Your task: Word for word, transcribe the lines from the one containing "Locate the mustard" through the end of the entries, both included, and nothing else.

Dataset entries:
_ _ _
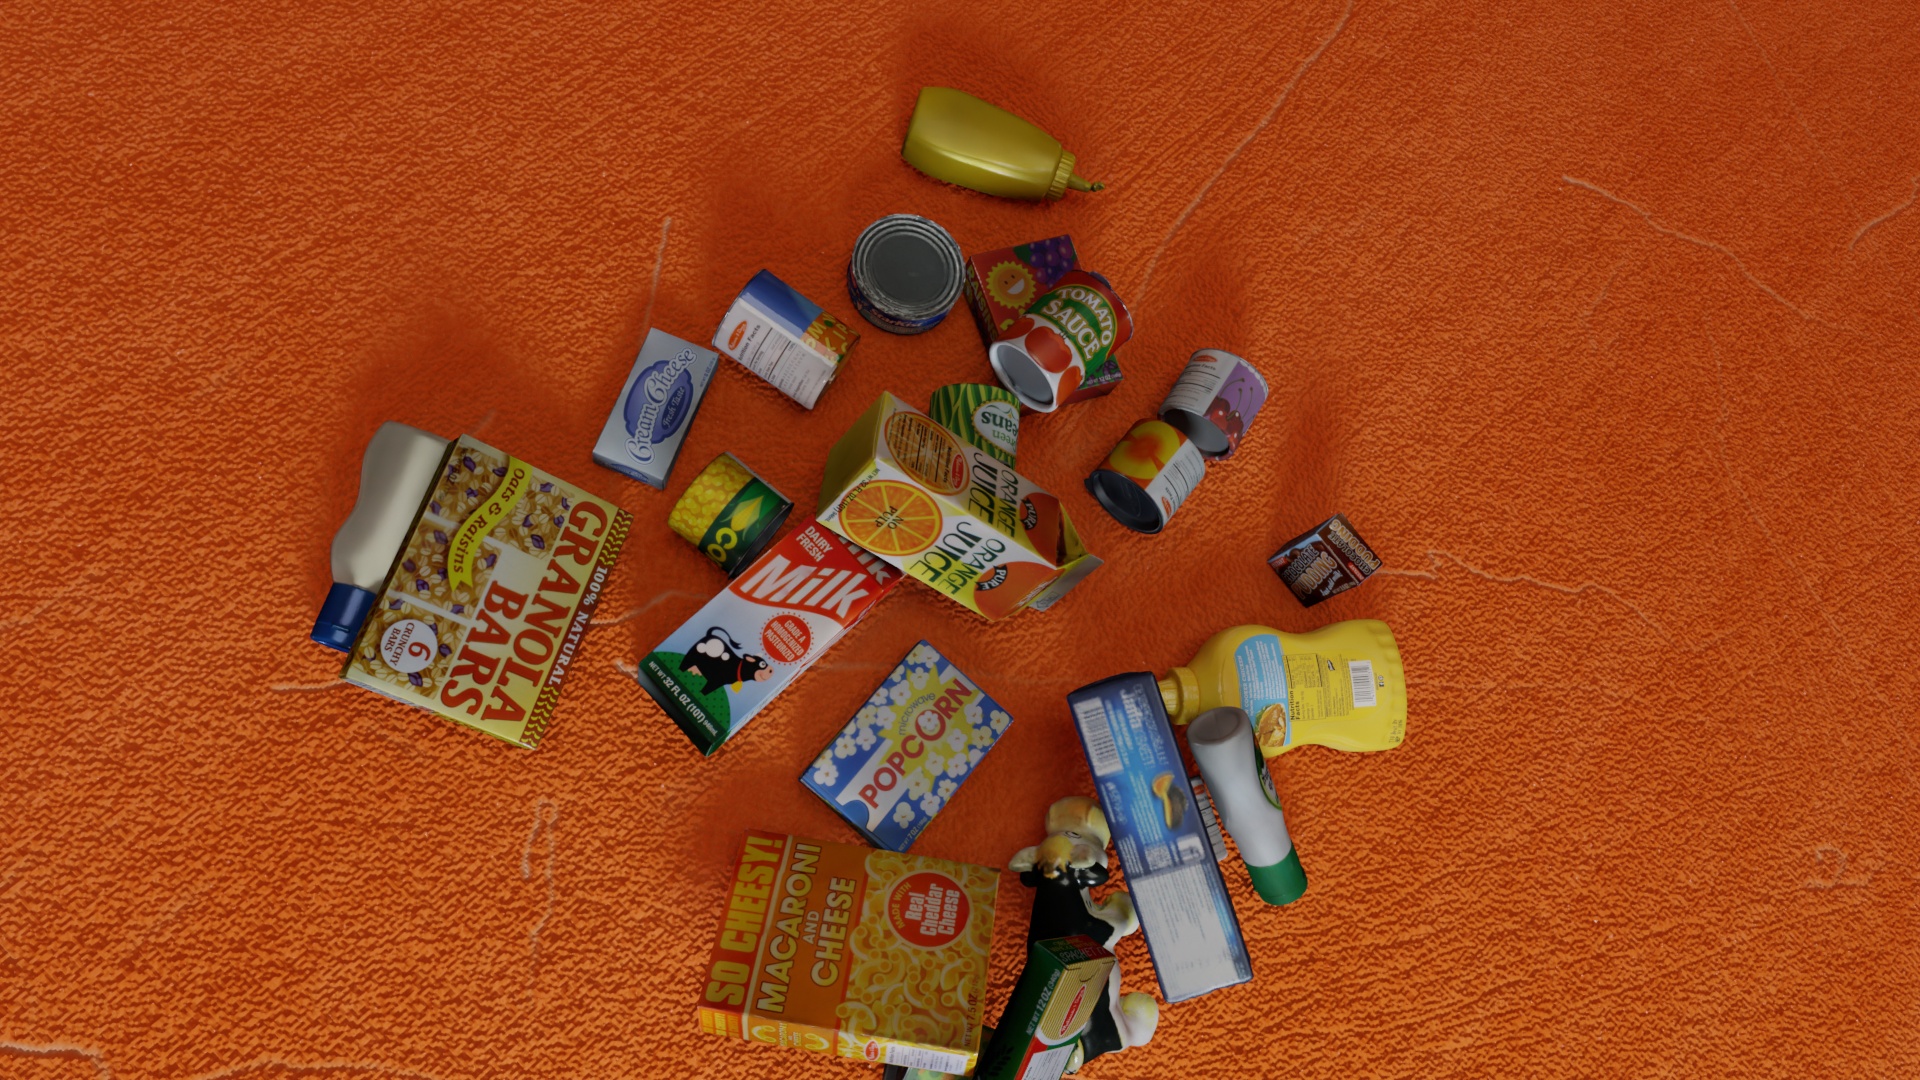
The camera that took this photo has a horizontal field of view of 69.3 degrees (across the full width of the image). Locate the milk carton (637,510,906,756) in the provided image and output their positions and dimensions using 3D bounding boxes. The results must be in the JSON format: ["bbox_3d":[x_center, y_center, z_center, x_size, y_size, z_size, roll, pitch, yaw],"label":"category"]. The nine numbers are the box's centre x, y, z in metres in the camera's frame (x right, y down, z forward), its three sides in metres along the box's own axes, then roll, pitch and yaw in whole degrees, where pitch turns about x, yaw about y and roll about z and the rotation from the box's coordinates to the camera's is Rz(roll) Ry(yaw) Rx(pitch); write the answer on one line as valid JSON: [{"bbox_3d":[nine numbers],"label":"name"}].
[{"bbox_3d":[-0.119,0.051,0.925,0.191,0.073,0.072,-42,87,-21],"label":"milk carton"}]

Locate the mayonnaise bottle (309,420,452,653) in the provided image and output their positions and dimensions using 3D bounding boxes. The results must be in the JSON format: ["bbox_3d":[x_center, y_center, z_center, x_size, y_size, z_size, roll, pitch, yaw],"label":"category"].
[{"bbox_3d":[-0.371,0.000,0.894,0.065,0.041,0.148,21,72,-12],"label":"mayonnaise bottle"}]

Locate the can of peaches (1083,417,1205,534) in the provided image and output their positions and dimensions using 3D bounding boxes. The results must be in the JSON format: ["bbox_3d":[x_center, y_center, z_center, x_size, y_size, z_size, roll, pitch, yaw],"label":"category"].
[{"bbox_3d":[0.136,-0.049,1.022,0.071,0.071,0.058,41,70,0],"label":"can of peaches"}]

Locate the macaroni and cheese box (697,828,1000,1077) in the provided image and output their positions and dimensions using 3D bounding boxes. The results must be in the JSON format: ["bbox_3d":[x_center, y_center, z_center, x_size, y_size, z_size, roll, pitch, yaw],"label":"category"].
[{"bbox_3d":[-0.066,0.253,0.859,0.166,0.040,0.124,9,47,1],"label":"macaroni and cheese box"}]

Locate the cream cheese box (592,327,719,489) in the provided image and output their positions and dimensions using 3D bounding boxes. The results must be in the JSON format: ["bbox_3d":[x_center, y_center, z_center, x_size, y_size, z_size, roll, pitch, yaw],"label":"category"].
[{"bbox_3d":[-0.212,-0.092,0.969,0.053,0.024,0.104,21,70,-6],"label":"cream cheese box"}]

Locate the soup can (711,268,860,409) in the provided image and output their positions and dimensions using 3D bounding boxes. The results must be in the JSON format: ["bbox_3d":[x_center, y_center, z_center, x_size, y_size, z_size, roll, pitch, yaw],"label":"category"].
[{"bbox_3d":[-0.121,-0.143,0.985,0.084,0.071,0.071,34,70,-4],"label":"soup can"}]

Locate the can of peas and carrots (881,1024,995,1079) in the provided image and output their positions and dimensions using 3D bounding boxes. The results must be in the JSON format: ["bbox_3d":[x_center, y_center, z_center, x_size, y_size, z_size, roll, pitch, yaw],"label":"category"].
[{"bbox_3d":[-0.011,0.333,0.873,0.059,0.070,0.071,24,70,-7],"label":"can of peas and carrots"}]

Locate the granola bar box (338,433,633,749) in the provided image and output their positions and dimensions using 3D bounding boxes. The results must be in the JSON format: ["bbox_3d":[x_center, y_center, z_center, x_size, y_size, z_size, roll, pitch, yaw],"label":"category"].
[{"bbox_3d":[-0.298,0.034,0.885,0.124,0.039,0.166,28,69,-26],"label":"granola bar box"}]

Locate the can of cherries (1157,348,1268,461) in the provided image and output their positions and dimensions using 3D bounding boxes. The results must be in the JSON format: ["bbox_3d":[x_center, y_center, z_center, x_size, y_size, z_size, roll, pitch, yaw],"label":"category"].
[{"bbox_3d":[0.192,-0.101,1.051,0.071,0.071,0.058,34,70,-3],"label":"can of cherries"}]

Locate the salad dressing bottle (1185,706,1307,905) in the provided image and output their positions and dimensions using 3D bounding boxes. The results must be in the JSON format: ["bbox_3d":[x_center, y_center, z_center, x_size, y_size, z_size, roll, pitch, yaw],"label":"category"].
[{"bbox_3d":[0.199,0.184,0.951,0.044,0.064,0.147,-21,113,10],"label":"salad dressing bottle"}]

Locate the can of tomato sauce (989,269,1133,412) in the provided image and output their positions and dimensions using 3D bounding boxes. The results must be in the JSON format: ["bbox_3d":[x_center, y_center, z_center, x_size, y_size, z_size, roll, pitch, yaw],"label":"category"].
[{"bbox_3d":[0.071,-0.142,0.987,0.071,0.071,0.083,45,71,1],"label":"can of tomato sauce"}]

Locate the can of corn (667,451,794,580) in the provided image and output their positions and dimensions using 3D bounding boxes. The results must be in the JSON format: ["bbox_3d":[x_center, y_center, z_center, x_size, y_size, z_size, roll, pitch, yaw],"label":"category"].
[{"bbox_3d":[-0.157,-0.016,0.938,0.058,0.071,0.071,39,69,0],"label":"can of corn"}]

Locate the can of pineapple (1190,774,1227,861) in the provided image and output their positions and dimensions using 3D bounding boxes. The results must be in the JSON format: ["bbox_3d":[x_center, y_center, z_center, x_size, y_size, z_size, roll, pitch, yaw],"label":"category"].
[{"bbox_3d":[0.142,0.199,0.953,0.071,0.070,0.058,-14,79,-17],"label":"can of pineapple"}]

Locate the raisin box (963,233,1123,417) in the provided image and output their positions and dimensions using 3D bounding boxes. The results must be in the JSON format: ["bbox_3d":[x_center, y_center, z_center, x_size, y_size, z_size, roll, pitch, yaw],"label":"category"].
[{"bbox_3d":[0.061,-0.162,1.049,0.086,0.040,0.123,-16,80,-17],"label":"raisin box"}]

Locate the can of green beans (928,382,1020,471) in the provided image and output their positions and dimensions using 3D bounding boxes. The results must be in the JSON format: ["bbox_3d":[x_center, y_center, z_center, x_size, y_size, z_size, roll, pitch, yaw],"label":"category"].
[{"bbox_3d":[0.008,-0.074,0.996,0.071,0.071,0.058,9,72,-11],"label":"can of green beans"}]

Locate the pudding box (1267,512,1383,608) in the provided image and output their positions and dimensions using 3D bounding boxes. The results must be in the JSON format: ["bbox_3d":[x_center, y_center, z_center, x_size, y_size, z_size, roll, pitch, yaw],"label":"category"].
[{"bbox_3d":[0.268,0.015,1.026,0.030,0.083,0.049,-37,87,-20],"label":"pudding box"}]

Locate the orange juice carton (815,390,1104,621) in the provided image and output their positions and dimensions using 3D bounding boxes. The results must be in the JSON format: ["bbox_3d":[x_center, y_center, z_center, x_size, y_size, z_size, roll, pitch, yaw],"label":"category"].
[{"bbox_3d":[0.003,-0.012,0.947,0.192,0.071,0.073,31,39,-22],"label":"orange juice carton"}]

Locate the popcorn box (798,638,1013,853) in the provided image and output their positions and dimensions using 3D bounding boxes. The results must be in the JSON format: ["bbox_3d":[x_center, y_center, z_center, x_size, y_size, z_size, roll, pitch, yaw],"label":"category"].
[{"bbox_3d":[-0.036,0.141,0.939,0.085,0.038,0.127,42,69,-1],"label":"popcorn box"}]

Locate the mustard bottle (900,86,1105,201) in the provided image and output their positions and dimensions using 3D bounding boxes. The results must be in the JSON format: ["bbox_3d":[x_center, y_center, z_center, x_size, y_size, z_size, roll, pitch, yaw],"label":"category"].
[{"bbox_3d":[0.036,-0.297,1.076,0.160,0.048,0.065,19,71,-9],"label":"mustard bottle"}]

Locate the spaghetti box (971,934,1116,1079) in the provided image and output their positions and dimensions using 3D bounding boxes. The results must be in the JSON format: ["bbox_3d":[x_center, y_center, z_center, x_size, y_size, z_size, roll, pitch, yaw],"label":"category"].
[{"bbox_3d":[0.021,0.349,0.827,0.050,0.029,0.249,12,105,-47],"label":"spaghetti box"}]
_ _ _
Written response:
Locate the mustard bottle (900,86,1105,201) in the provided image and output their positions and dimensions using 3D bounding boxes. The results must be in the JSON format: ["bbox_3d":[x_center, y_center, z_center, x_size, y_size, z_size, roll, pitch, yaw],"label":"category"].
[{"bbox_3d":[0.036,-0.297,1.076,0.160,0.048,0.065,19,71,-9],"label":"mustard bottle"}]

Locate the spaghetti box (971,934,1116,1079) in the provided image and output their positions and dimensions using 3D bounding boxes. The results must be in the JSON format: ["bbox_3d":[x_center, y_center, z_center, x_size, y_size, z_size, roll, pitch, yaw],"label":"category"].
[{"bbox_3d":[0.021,0.349,0.827,0.050,0.029,0.249,12,105,-47],"label":"spaghetti box"}]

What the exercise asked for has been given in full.